Is the function convex?

Question

Let's have the following function $f:\mathbb{R}^{2}\to\mathbb{R}$ defined by $|x+y|$, is it convex? We have $\lambda\in (0,1),x,y\in$ dom$(f)$, so $|\lambda x+(1-\lambda)y|\le \lambda |x| + (1-\lambda)|y|$. It means the function is convex according to the definition of a convex function. Is it correct?

Answer 1

The function is convex, but your reasoning is a bit off (or at least a bit too terse, in my opinion).
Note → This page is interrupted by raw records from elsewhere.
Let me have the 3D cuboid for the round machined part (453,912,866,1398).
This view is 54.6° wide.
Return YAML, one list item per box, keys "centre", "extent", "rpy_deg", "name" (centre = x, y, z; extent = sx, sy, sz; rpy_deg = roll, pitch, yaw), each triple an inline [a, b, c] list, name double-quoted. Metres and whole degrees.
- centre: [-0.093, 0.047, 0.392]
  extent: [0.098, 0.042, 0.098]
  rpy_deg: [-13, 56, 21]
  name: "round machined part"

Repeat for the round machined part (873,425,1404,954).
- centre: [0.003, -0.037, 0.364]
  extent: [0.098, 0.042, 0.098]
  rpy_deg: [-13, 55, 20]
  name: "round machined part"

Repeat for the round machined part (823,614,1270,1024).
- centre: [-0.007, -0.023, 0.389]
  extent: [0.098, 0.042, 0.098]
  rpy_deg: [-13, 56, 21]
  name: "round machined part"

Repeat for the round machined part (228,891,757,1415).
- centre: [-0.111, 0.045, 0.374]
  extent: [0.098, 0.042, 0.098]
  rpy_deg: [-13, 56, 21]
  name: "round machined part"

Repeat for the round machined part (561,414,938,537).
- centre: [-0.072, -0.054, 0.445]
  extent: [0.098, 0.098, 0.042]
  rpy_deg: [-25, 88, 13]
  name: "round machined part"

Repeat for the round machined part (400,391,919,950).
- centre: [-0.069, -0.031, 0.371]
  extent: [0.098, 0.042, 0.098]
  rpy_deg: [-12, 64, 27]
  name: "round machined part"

Remember, the elements of the domain of $f$ are pairs $(x,y) \in \mathbb R^2$. You need to show that for $(x,y), (z,w) \in \mathbb R^2$, you have $$f(\lambda \cdot (x,y) + (1-\lambda)\cdot (z,w)) \le \lambda f(x,y) + (1-\lambda)f(z,w).$$ In this case, we see \begin{align*} f(\lambda \cdot (x,y) + (1-\lambda)\cdot (z,w)) &= f(\lambda x + (1-\lambda)z, \lambda y + (1-\lambda)w) \\ &= \lvert \lambda x + (1-\lambda)z + \lambda y + (1-\lambda)w \rvert\\ &= \lvert \lambda(x+y) + (1-\lambda)(z+w)\rvert\\ &\le \lambda\lvert x+y \rvert + (1-\lambda) \lvert z+w \rvert \\ & = \lambda f(x,y) + (1-\lambda)f(z,w) \end{align*} which shows that $f$ is indeed convex.

Answer 2

Since $|tx+(1-t)y| \le t|x|+(1-t)|y|$ for $t \in [0,1]$ we see that $a(z)=|z|$ is convex.

The map $S((x,y)) = x+y$ is linear and a convex function composed with a linear one is convex.